__Problem to work on__
Throughout the records below, find each line holding "this" and copy it.

(Collection entries)
════════════════

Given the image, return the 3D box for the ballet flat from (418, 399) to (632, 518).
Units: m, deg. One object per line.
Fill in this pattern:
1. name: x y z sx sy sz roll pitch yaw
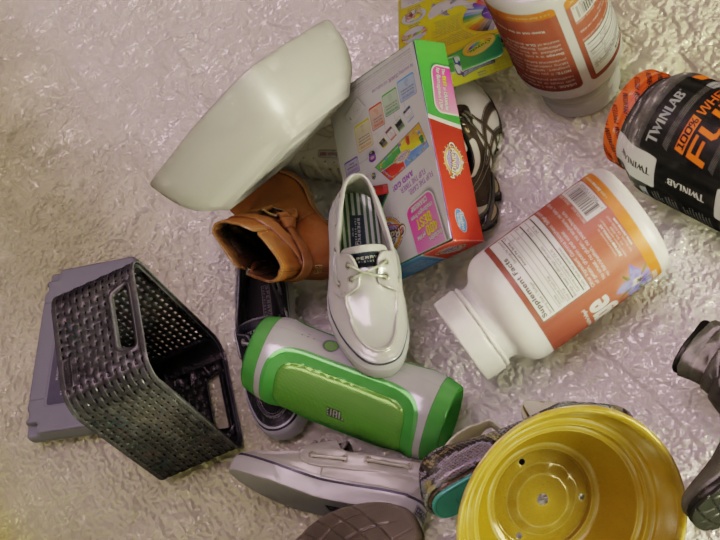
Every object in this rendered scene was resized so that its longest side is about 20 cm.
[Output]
1. ballet flat: 0.140 0.150 1.195 0.199 0.072 0.072 -22 54 -1

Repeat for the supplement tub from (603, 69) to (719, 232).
1. supplement tub: 0.328 -0.103 1.228 0.199 0.123 0.123 32 78 35

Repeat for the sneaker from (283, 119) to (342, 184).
1. sneaker: -0.025 -0.125 1.435 0.198 0.075 0.100 -17 56 15

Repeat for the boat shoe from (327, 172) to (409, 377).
1. boat shoe: 0.000 0.000 1.246 0.073 0.067 0.201 -9 56 -9

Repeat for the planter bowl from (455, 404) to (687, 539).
1. planter bowl: 0.164 0.202 1.126 0.200 0.201 0.083 -44 15 -4

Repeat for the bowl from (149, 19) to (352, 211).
1. bowl: -0.094 -0.143 1.327 0.075 0.200 0.200 45 126 -1

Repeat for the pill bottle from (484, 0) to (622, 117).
1. pill bottle: 0.193 -0.241 1.322 0.111 0.200 0.113 -11 58 18

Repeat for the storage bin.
1. storage bin: -0.205 0.101 1.310 0.093 0.200 0.136 -23 55 11

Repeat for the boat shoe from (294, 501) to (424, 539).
1. boat shoe: -0.027 0.271 1.210 0.199 0.073 0.075 -27 51 16

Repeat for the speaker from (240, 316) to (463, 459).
1. speaker: -0.008 0.109 1.261 0.199 0.089 0.089 19 70 15

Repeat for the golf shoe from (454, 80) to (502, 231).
1. golf shoe: 0.101 -0.137 1.373 0.077 0.095 0.201 -18 55 16

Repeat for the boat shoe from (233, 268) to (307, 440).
1. boat shoe: -0.094 0.072 1.358 0.071 0.068 0.201 -16 56 16

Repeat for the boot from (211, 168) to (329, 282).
1. boot: -0.104 -0.044 1.372 0.199 0.155 0.077 35 117 26

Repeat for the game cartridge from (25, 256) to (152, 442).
1. game cartridge: -0.289 0.085 1.463 0.132 0.041 0.202 -12 58 23

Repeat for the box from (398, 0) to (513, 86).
1. box: 0.100 -0.253 1.432 0.116 0.049 0.201 -17 35 16

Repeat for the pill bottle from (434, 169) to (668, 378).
1. pill bottle: 0.172 0.008 1.235 0.199 0.112 0.112 -36 53 3

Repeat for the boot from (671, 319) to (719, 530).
1. boot: 0.307 0.113 1.121 0.200 0.068 0.130 -42 50 -12

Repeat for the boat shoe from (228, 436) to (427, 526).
1. boat shoe: -0.026 0.189 1.259 0.198 0.072 0.066 6 61 27

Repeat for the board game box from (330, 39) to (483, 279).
1. board game box: 0.040 -0.101 1.319 0.153 0.040 0.202 -25 70 51

════════════════

__Final answer__
Fill in this pattern:
Every object in this rendered scene was resized so that its longest side is about 20 cm.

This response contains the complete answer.